▸ **PROVIDED MATERIAL**:
........

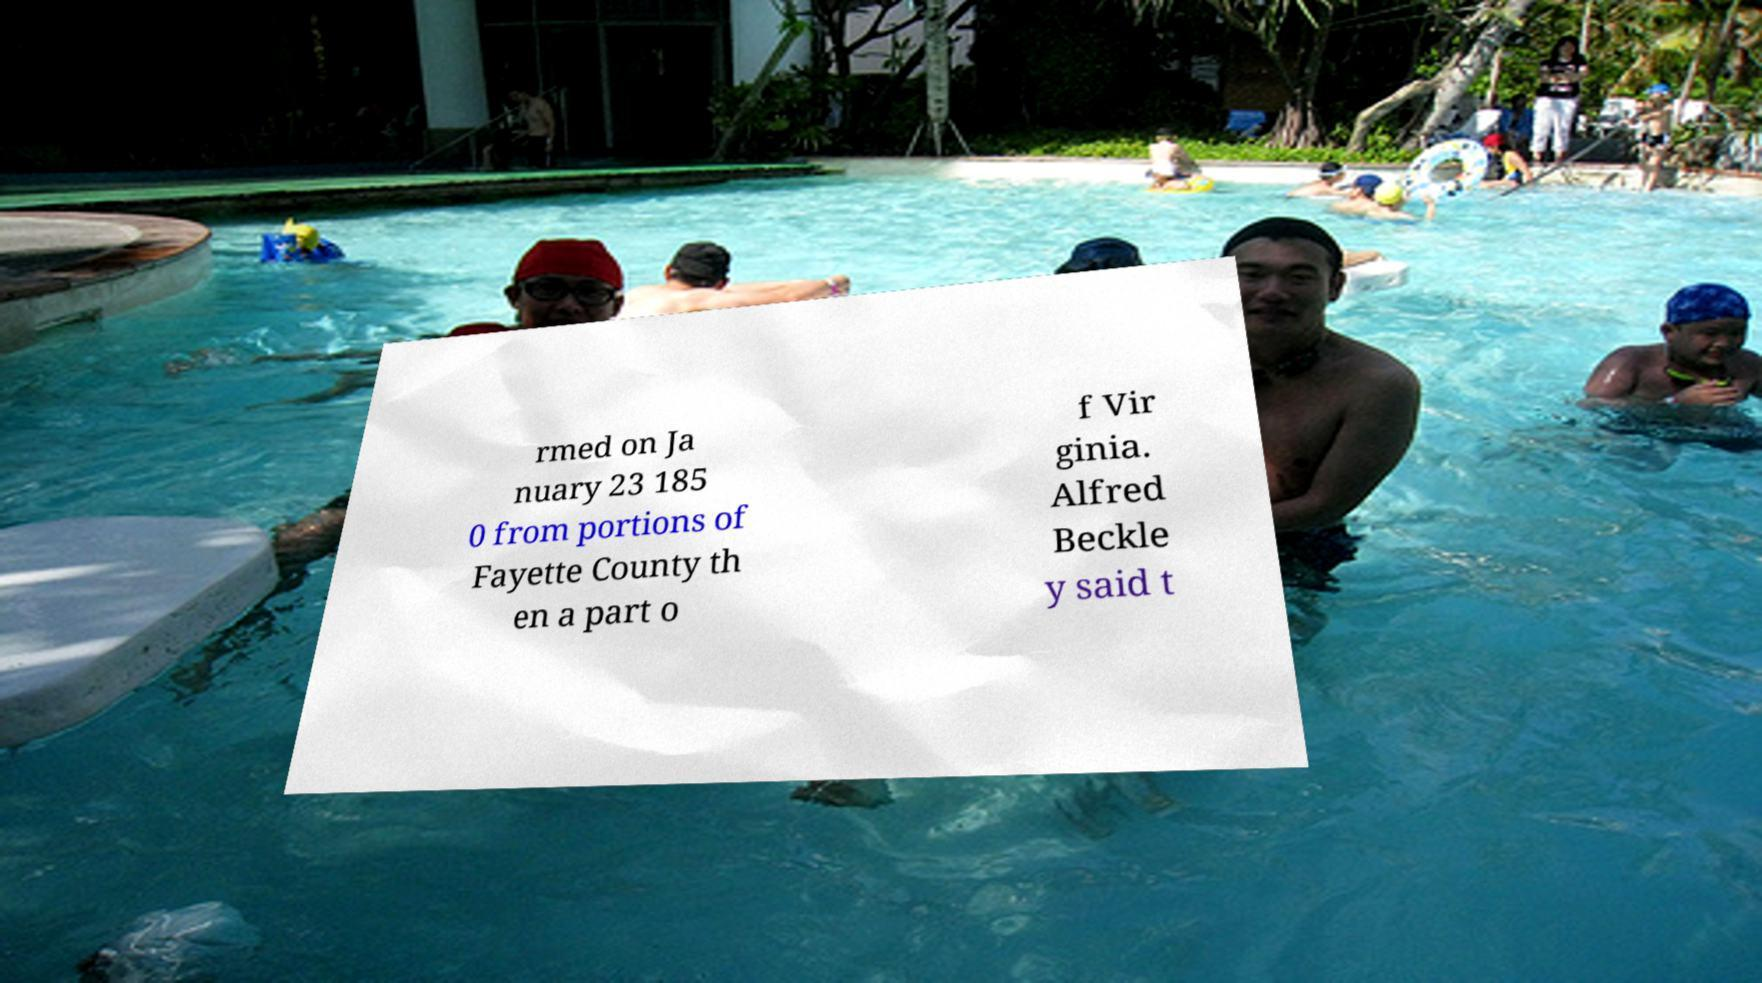Can you accurately transcribe the text from the provided image for me? rmed on Ja nuary 23 185 0 from portions of Fayette County th en a part o f Vir ginia. Alfred Beckle y said t 
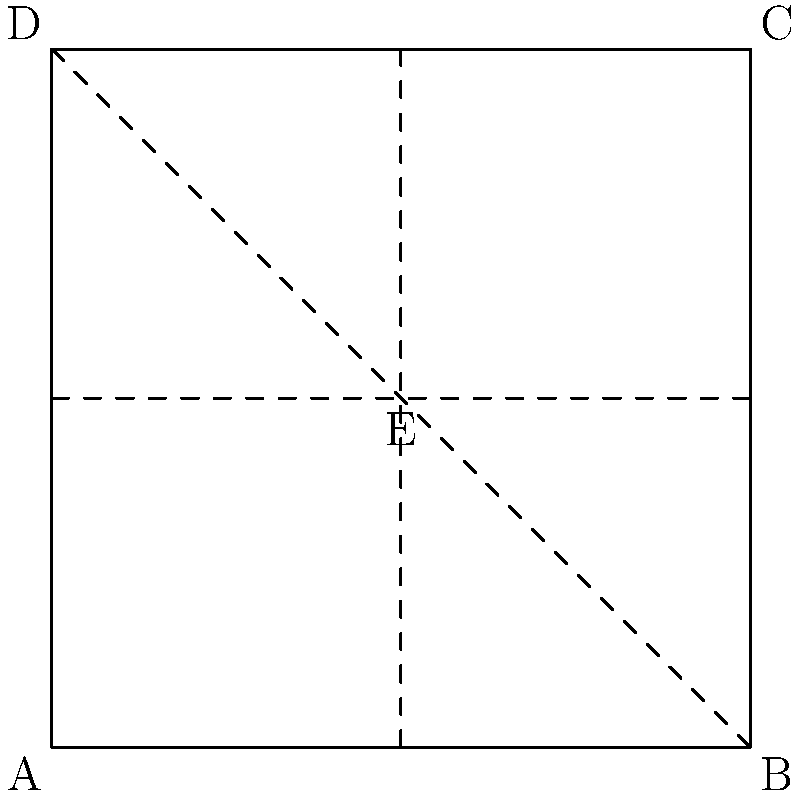In the art of origami, understanding folding patterns is crucial. The diagram shows a square paper with dashed lines indicating fold creases. If you were to fold along these lines in any order, which point would end up at the center of the folded figure? To solve this problem, we need to visualize the folding process:

1. The square is divided into 8 triangular sections by the fold lines.
2. Point E is at the intersection of all three fold lines.
3. Folding along any of the lines will bring two halves of the square together.
4. No matter which order we fold in, all folds will eventually meet at point E.
5. The corners (A, B, C, D) will be folded towards the center.
6. Point E remains stationary throughout the folding process.

Therefore, after all folds are made, point E will be at the center of the folded figure.
Answer: E 
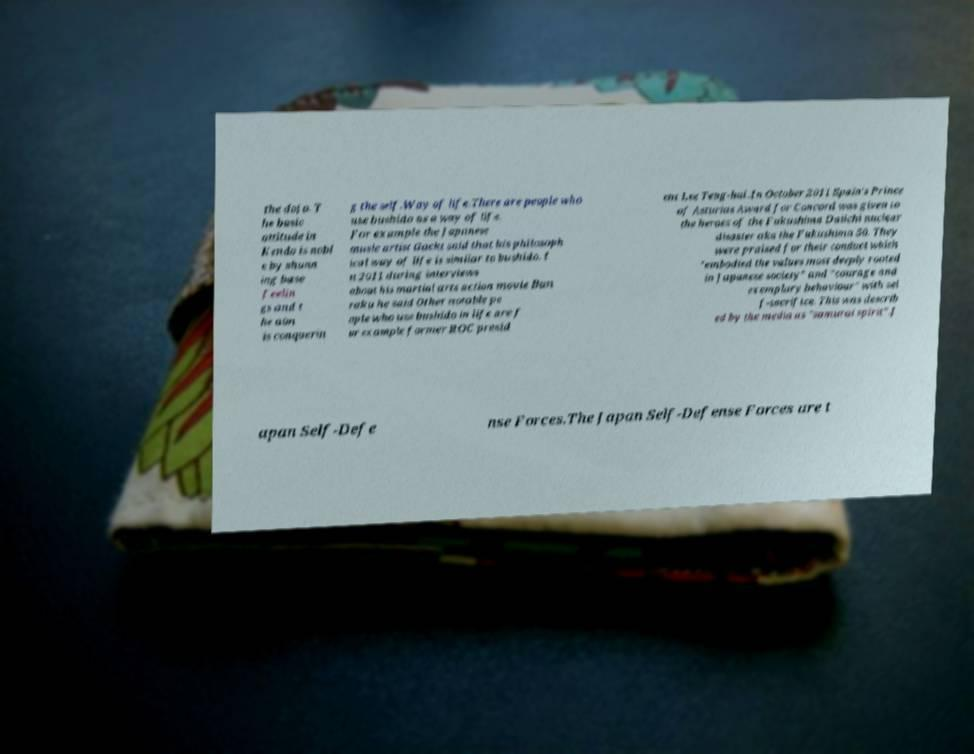I need the written content from this picture converted into text. Can you do that? the dojo. T he basic attitude in Kendo is nobl e by shunn ing base feelin gs and t he aim is conquerin g the self.Way of life.There are people who use bushido as a way of life. For example the Japanese music artist Gackt said that his philosoph ical way of life is similar to bushido. I n 2011 during interviews about his martial arts action movie Bun raku he said Other notable pe ople who use bushido in life are f or example former ROC presid ent Lee Teng-hui .In October 2011 Spain's Prince of Asturias Award for Concord was given to the heroes of the Fukushima Daiichi nuclear disaster aka the Fukushima 50. They were praised for their conduct which "embodied the values most deeply rooted in Japanese society" and "courage and exemplary behaviour" with sel f-sacrifice. This was describ ed by the media as "samurai spirit".J apan Self-Defe nse Forces.The Japan Self-Defense Forces are t

........

▸ **EXERCISE REQUIREMENTS**: Starting with the line that holds "1. The square", transcribe exactly each line through the last one of the material above, and nothing else. Do not include pictures.

▸ **SOLUTION**:
1. The square is divided into 8 triangular sections by the fold lines.
2. Point E is at the intersection of all three fold lines.
3. Folding along any of the lines will bring two halves of the square together.
4. No matter which order we fold in, all folds will eventually meet at point E.
5. The corners (A, B, C, D) will be folded towards the center.
6. Point E remains stationary throughout the folding process.

Therefore, after all folds are made, point E will be at the center of the folded figure.
Answer: E 
I need the written content from this picture converted into text. Can you do that? the dojo. T he basic attitude in Kendo is nobl e by shunn ing base feelin gs and t he aim is conquerin g the self.Way of life.There are people who use bushido as a way of life. For example the Japanese music artist Gackt said that his philosoph ical way of life is similar to bushido. I n 2011 during interviews about his martial arts action movie Bun raku he said Other notable pe ople who use bushido in life are f or example former ROC presid ent Lee Teng-hui .In October 2011 Spain's Prince of Asturias Award for Concord was given to the heroes of the Fukushima Daiichi nuclear disaster aka the Fukushima 50. They were praised for their conduct which "embodied the values most deeply rooted in Japanese society" and "courage and exemplary behaviour" with sel f-sacrifice. This was describ ed by the media as "samurai spirit".J apan Self-Defe nse Forces.The Japan Self-Defense Forces are t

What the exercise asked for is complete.